In Europe, there is no standard recommendation to perform an initial diagnosis using magnetic resonance imaging (MRI) of the entire spinal column. Furthermore, the current literature contains only a few cases of patients with Bechterew’s disease or diffuse idiopathic skeletal hyperostosis (DISH) with occult fractures, and thus, the risk of occult fractures as a consequence remains underestimated [3, 4]. DISH is the only differential diagnosis of Bechterew’s disease that is associated with ventral spondylophyte formation. In the literature, however, these two clinical diagnoses are often considered combined or partly overlapping, so data on larger patient collectives are missing.

The objective of this study was to determine to what extent standard MRI of the whole spine performed in our hospital leads to an improved diagnosis in patients with Bechterew’s disease after LET or NET and thus leads to a change in the therapeutic strategy.

For the purpose of the study, we evaluated the data of 136 patients with confirmed Bechterew’s disease who required spinal stabilization in a level-one trauma and special spinal care centre between June 2010 and June 2018. All data were collected through a review of consecutive clinical records and imaging files. In addition to demographic data, we evaluated the accident mechanism and injury levels.

The inclusion criteria were as follows:

The exclusion criteria were as follows:

Patients who were treated for infections or metastases were excluded from the study. Furthermore, all patients with DISH were excluded. Patients with electronic devices that would prohibit MRI and those who experienced high-energy trauma, falls above 1.5 m, high-energy traumas, bicycle falls, or severe injuries (ISS > 16) were excluded.

All radiographs and MDCT scans were reviewed in detail and compared with the complementary MRI findings. In the MRI, we examined the fractures known from CT or X-rays for the trajectory of the fracture line and searched for possible intraspinal haemorrhages. In addition, we also looked for any other bone bruises, fracture lines, intraspinal haemorrhages, and other dorsal or ventral column injuries that were not apparent in MDCT or X-rays.

Whole spine MRI was performed on 1.5 T and 3.0 Tesla MRI using sagittal T1-weighted turbo spin-echo sequence, sagittal and axial and T2-weighted turbo spin-echo sequence, and sagittal inversion recovery sequences (short tau inversion recovery resp. turbo inversion recovery magnitude).

Furthermore, we analysed whether further surgical procedures were accomplished based on MRI diagnostics, which would not have been performed purely based on radiological diagnostics using thin-layer multidetector CT (MDCT).
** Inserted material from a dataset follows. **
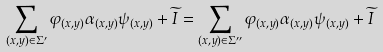Convert formula to latex. <formula><loc_0><loc_0><loc_500><loc_500>\sum _ { ( x , y ) \in \Sigma ^ { \prime } } \varphi _ { ( x , y ) } \alpha _ { ( x , y ) } \psi _ { ( x , y ) } + \widetilde { I } = \sum _ { ( x , y ) \in \Sigma ^ { \prime \prime } } \varphi _ { ( x , y ) } \alpha _ { ( x , y ) } \psi _ { ( x , y ) } + \widetilde { I } \</formula>

Furthermore, we examined the documents to determine whether the occult fractures also corresponded to the clinical examination or anamnesis. Moreover, we analysed the history of other diseases, the patient’s spinal fracture classification according to AO Spine, the previously planned and expanded surgical strategies, and the complications during and after surgery.

The study conforms to the Declaration of Helsinki and to local legislation. The study was reviewed and approved by our local ethics committee.
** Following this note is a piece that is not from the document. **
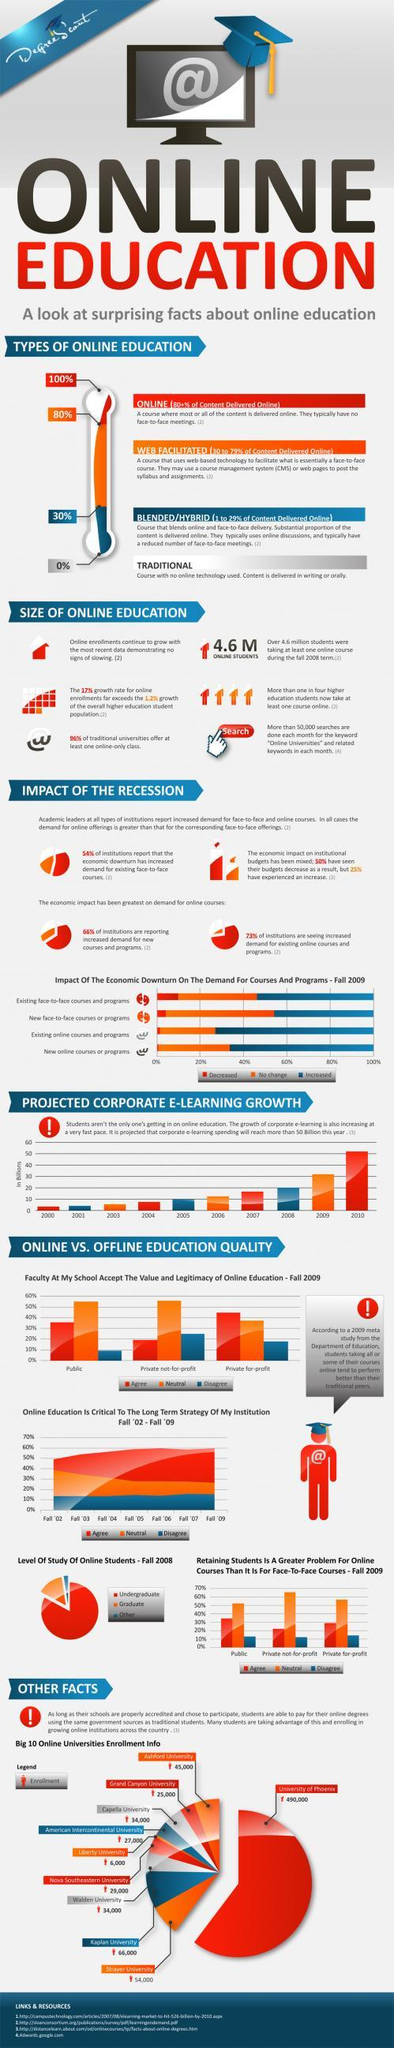In which mode of learning is content delivered 100% in oral or written formats?
Answer the question with a short phrase. traditional

During the 8-year study period, 136 patients with Bechterew’s disease after trauma were treated for spinal trauma. Of these, a total of 104 cases could be included in the study and fulfilled the inclusion criteria. In 92 cases, we found patients with low-energy trauma (LET). In 12 cases, we found no trauma anamnesis, so we called this circumstance no-energy trauma (NET). We excluded 32 cases. In addition, we found that fractures have occurred from falls above 1.5 m in eight cases, high-energy traumas in 21 cases, bicycle falls in one case, severe injuries (ISS > 16) in one case and one patient has an electronic device that would prohibit MRI. The average age was 74 ± 10 years, and the male/female ratio was 7:1.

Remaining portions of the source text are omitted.